Chicken Vegetable Soup Recipe
My Quick and Easy Chicken Vegetable Soup Recipe
I lived as a single person for many years and developed a love of homemade soups during that time. Although I didn't want to spend hours in the kitchen cooking, canned soups and mixes weren't satisfying. Despite a bit of extra effort to cook my own, I wanted to avoid the high salt content of soups bought off the shelf and to get the flavor boost that fresher contents could bring.
Although beef vegetable soup is what I grew up with, it's the chicken variety that I grew to love later. The chicken vegetable soup recipe that I share here is one that I developed based on things I learned from other recipes over the years. I've made the quantities large enough to serve at least 3-4 people; for singles there will simply be leftovers.
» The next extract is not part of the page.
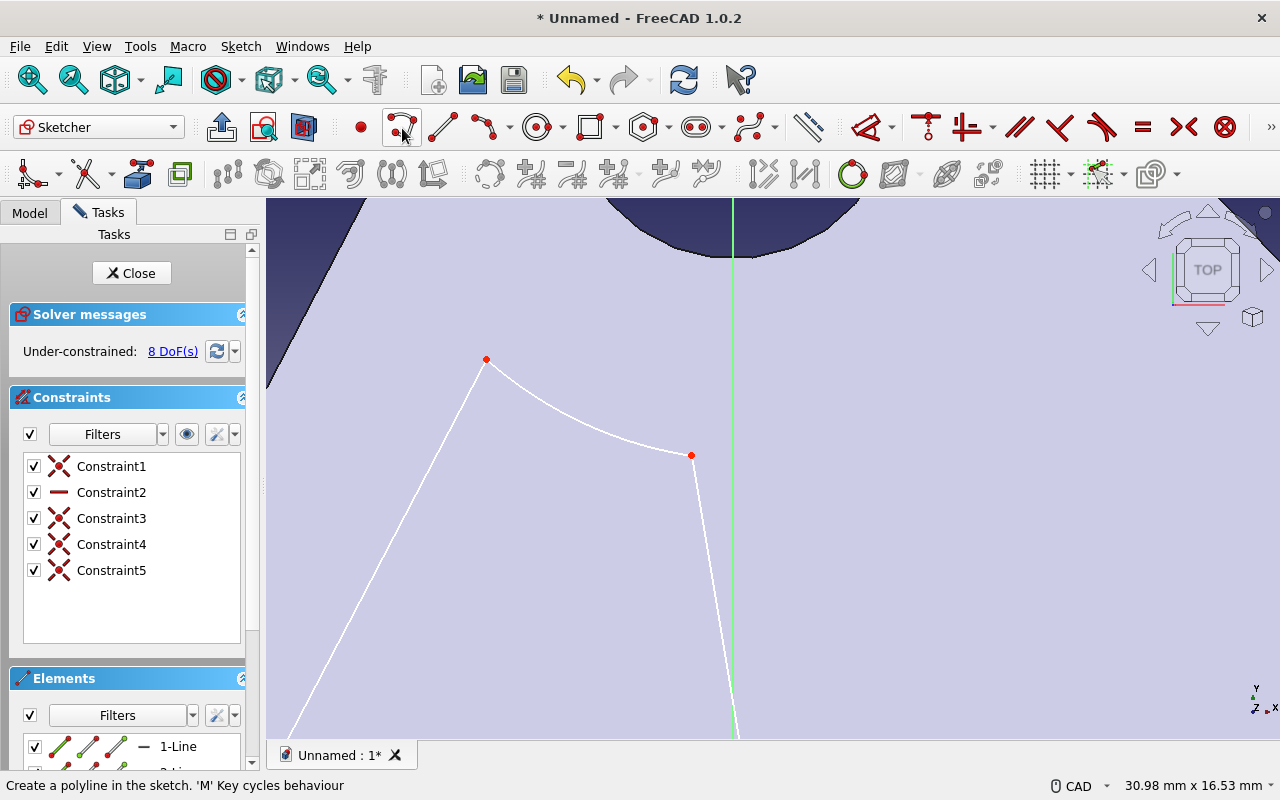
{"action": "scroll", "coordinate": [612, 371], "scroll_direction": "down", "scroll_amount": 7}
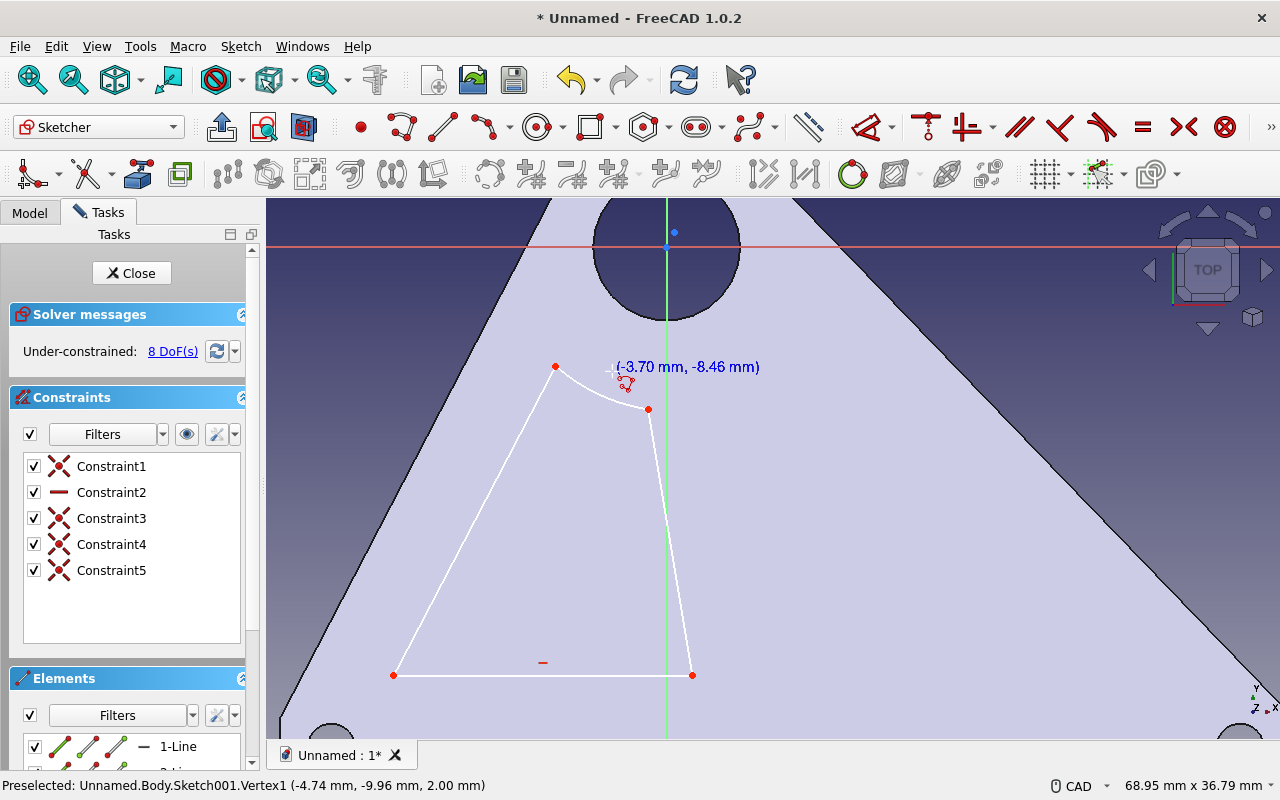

I enjoy this soup both with chicken and without; as a simple meatless vegetable soup.With the chicken it's hearty, without it's an extremely quick and easy vegetable soup recipe. I hope you'll give it a try to let me know what you think.
What You'll Need
This chicken vegetable soup recipe requires just a little chopping and very few tools.
The list of tools you'll need is brief:
-- A vegetable peeler and knife
-- A cutting board
-- A 2 quart saucepan or pot
-- 2 Tablespoons butter
-- 1/2 medium onion, peeled, and diced
-- 2 - 3 medium sized russet potatoes, peeled and diced
-- 2 carrots, peeled and sliced or 1/3 cup matchstick carrots
-- 1 stalk celery, sliced
-- 3/4 cup either peas, green beans, or lima beans (frozen or fresh)
-- 3/4 cup corn (frozen or fresh) or diced yellow pepper
-- 1/2 teaspoon dried thyme
-- 1 1/2 tablespoons flour
-- 32 to 38 ounces chicken stock
-- 1/3 cup whipping cream
-- salt, pepper, and parsley
-- 1/2 chicken breast, poached, shredded (optional)
Chicken can be poached by simmering water in a saucepan, adding chicken assuring it's covered by simmering water, and allowing to sit for 15 mintues.
Putting It Together
This is quck and easy.
Melt butter in 3 quart saucepan. Add onion and celery; sauté over low heat for 3 to 4 minutes to soften. Add flour and stir, cooking for about one minute. Add chicken stock gradually while stirring. Add vegetables and thyme; bring to a boil over high heat. Reduce heat to medium-low and cook for approximately 25 minutes.
Reduce heat to lowest setting, add in shredded chicken at this point if using, stir in cream, salt and pepper to taste and allow to heat through for 3 or 4 mintues. Serve, and garnish with chopped parsley.